Realizado: Os alunos chegaram à sala de Artes agitados. Pedi que se organizassem em grupos. Com muita dificuldade solicitei-lhes silêncio. Primeiramente lhes mostrei o envelope remetido a eles pelos os alunos da Escola Estadual de Ensino Fundamental Professora Luiza Teixeira Lauffer, localizada na zona norte de Porto Alegre. Disse à turma que tal envelope continha as produções visuais dos alunos desta escola, que estes alunos também eram estudantes do 5° ano assim como eles. As alunas Julie e Ketlen demonstraram ansiedade em visualizar tais imagens. Expliquei que a turma autora das imagens tinha um número de alunos menor que a turma deles, e por essa situação, cada grupo com dois ou três alunos, iria observar uma figura que eu distribuiria. Primeiramente, minha ação de retirar as imagens de dentro do envelope, deu-se de modo a evolver a turma em expectativas para a visualização das figuras. Retirei uma imagem de cada vez do envelope exibindo-as para visualização de todos os presentes. Logo que os alunos visualizaram as primeiras figuras manifestaram apreciação das imagens dizendo-me frases como: - Ah!
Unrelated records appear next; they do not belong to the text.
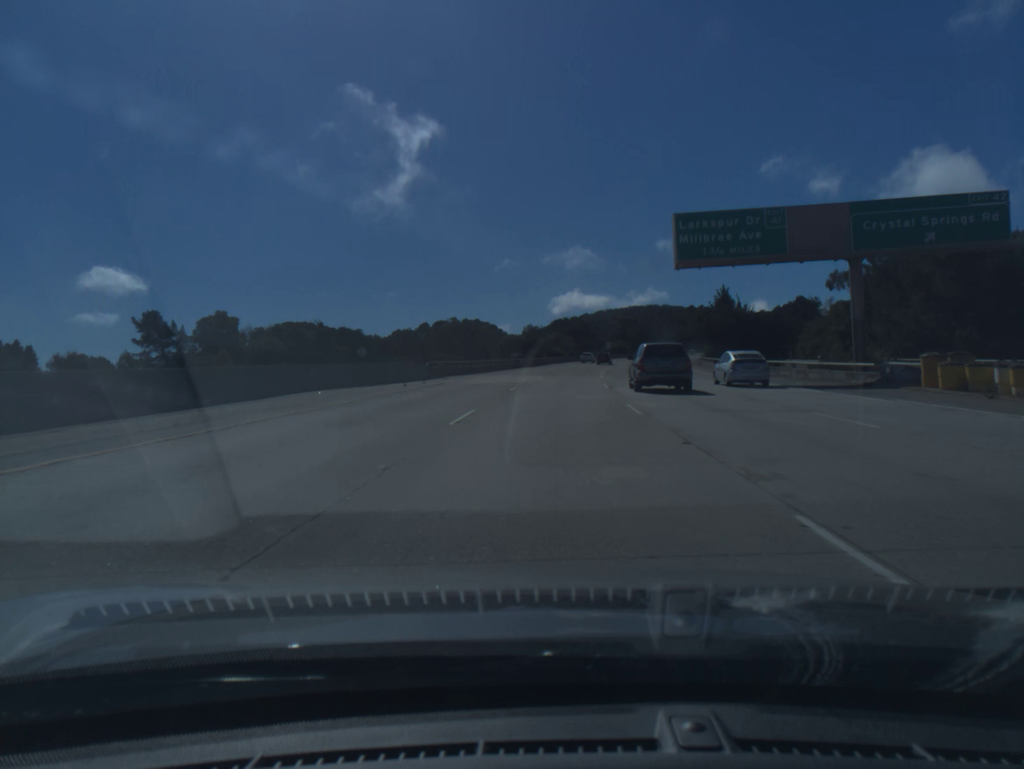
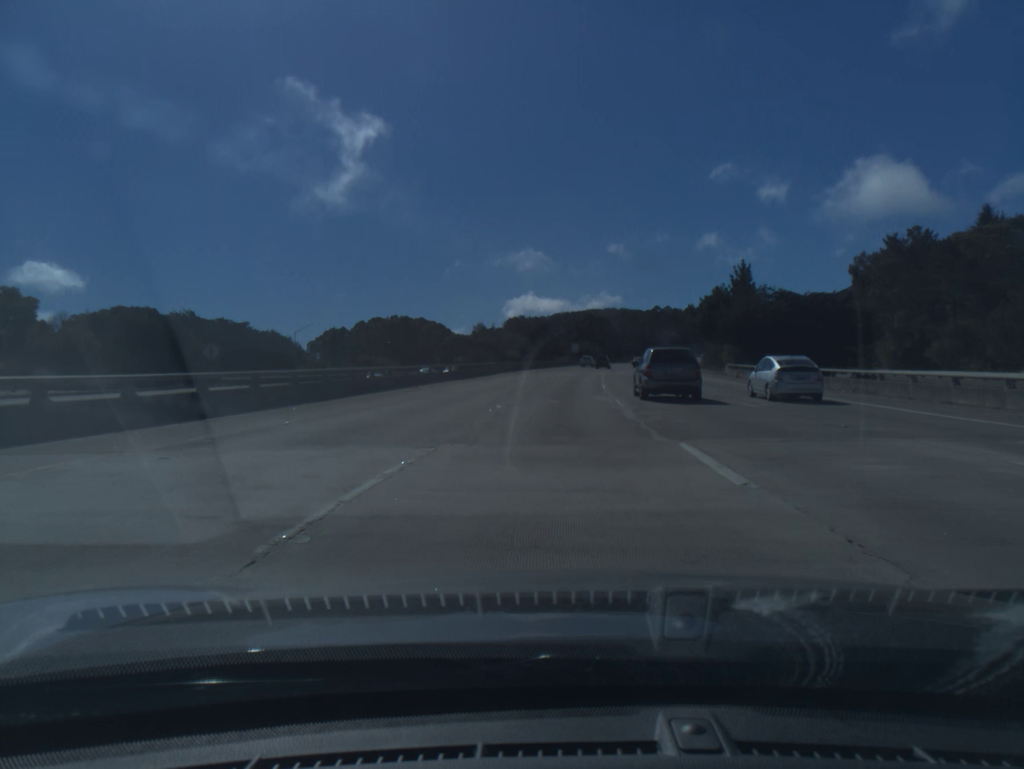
(+1.1, +37.3) m; +3°
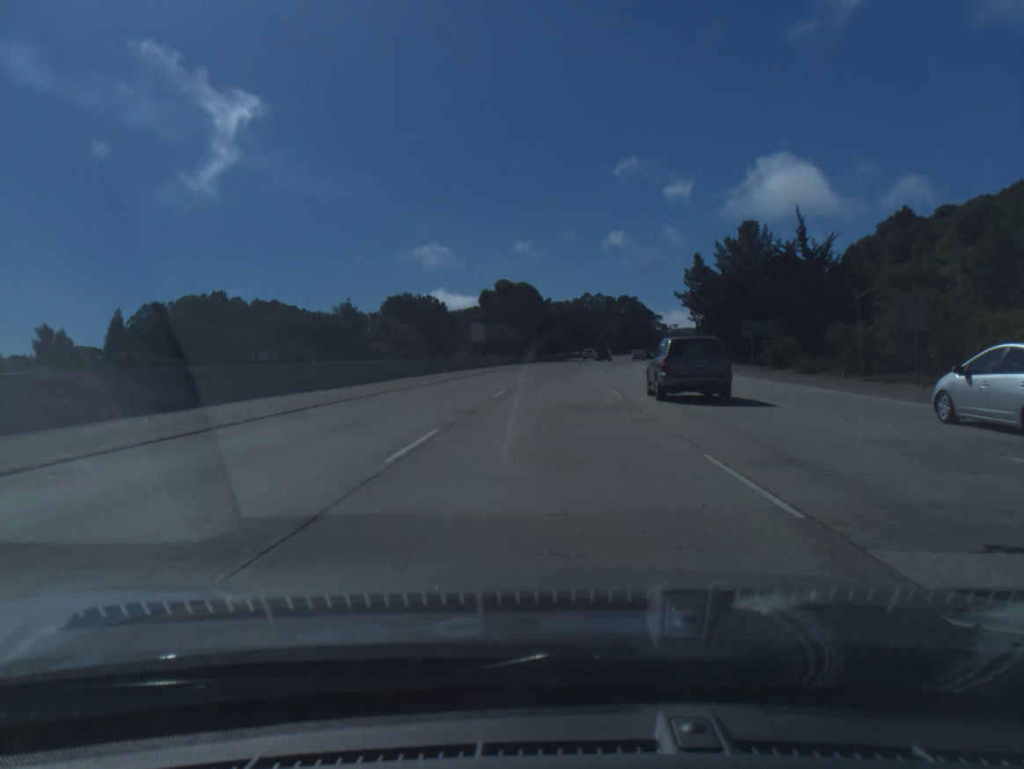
(+4.3, +75.9) m; +6°
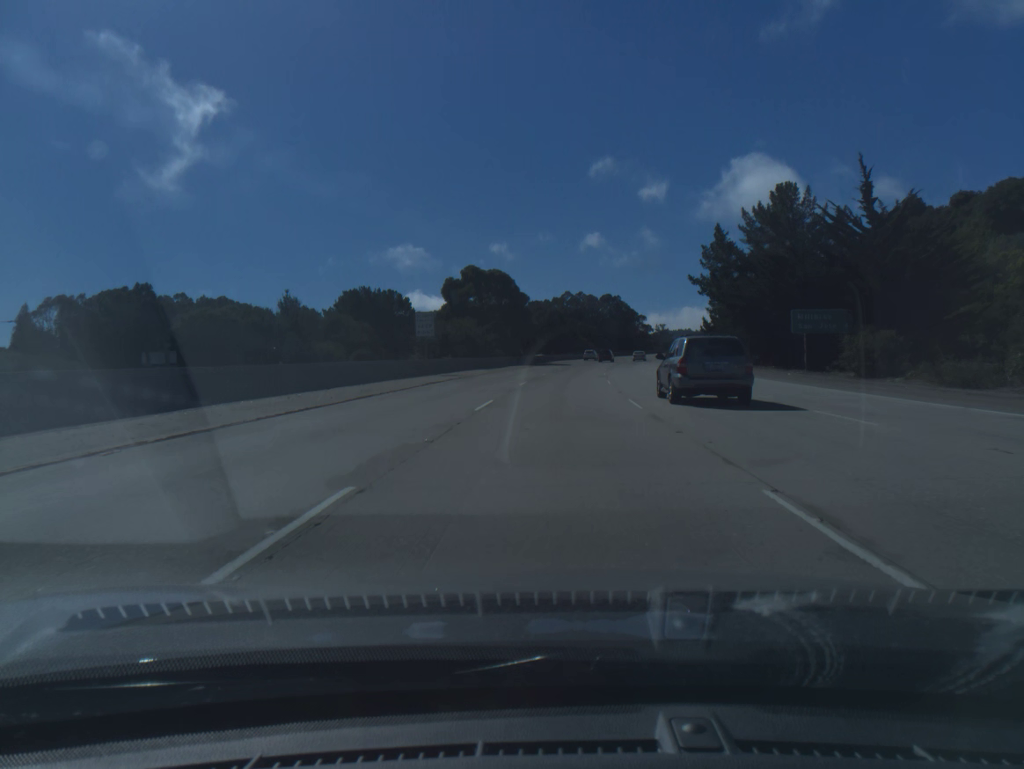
(+0.3, +19.3) m; +2°
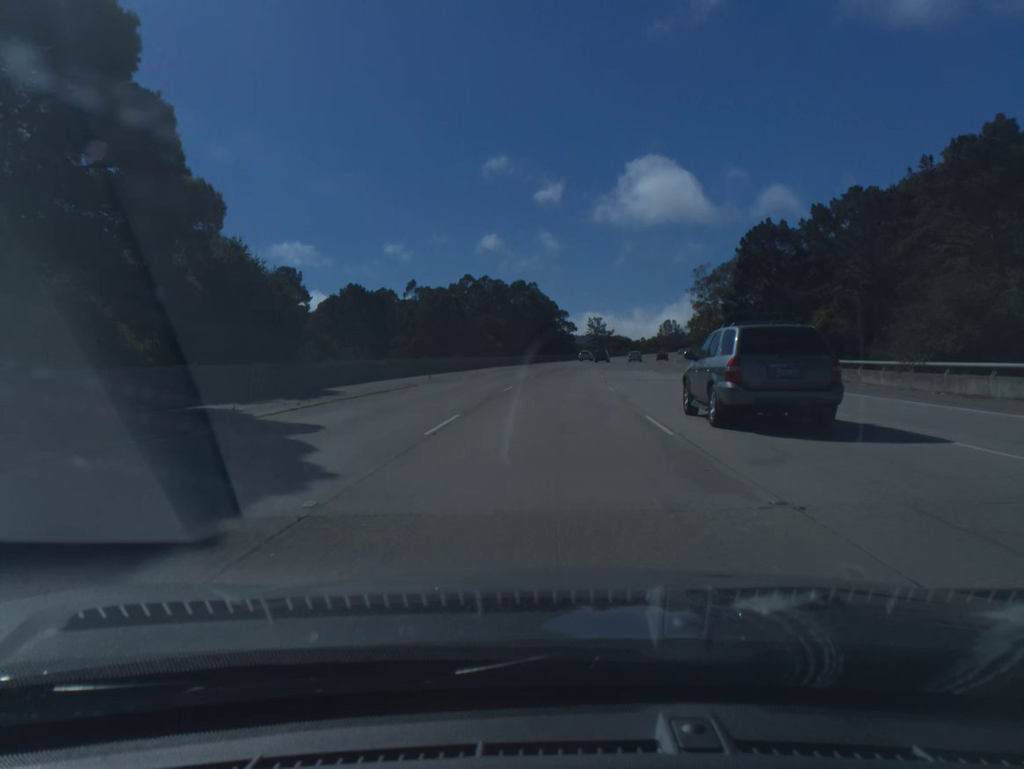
(+4.7, +77.4) m; +7°
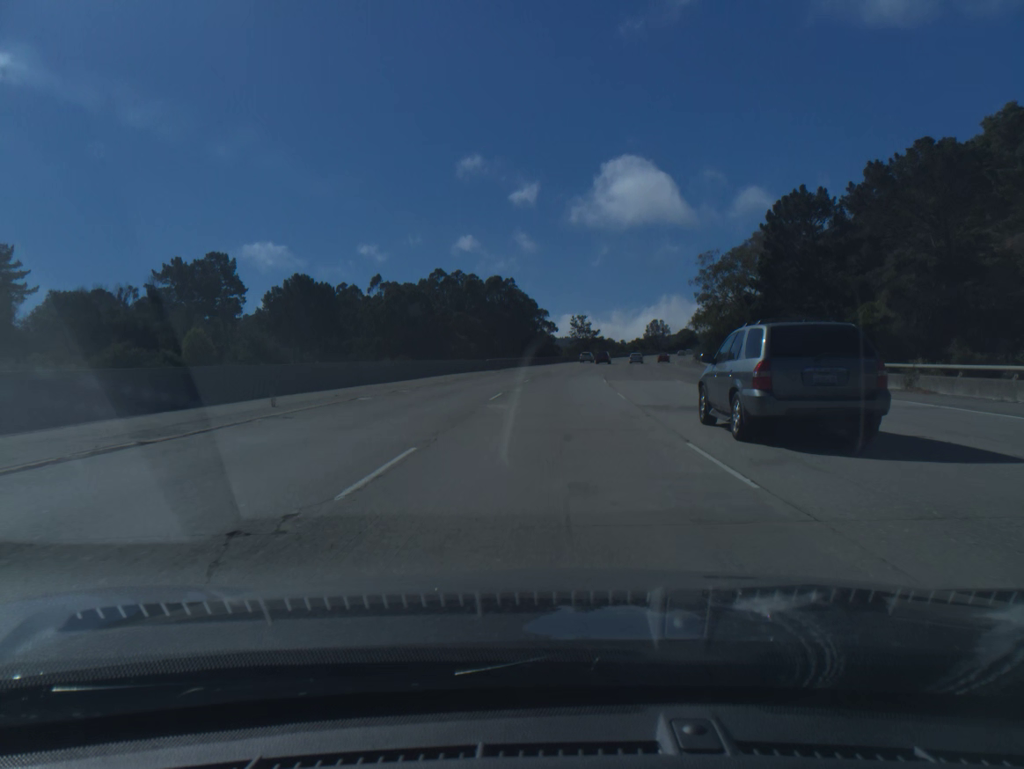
(+0.3, +19.5) m; +2°
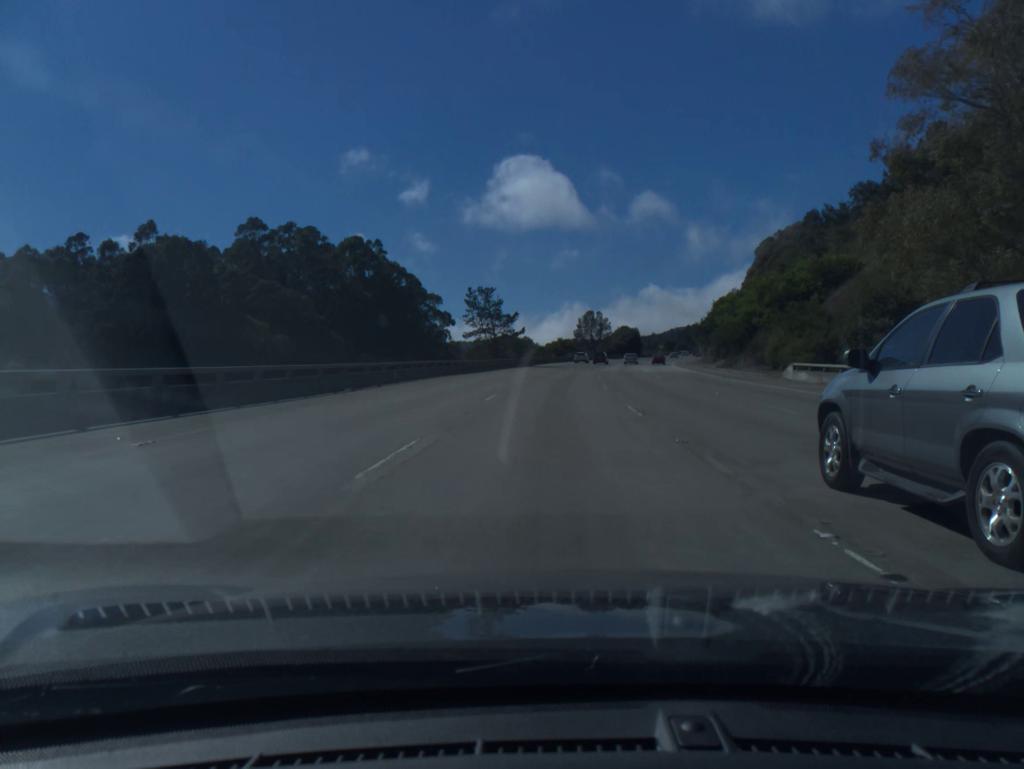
(+4.5, +77.9) m; +7°

Que bonitos os trabalhos! - Todos os trabalhos têm esta coisa marrom colada! Que legal! - Porque a gente não usou esse material marrom? - Estes trabalhos ficaram mais bonitos que os nossos. - Eu também achei mais bonito! Ah sora [sic] os nossos ficaram feios perto desses! - Pra mim os nossos são mais bonitos, porque nós usamos muito mais materiais diferentes.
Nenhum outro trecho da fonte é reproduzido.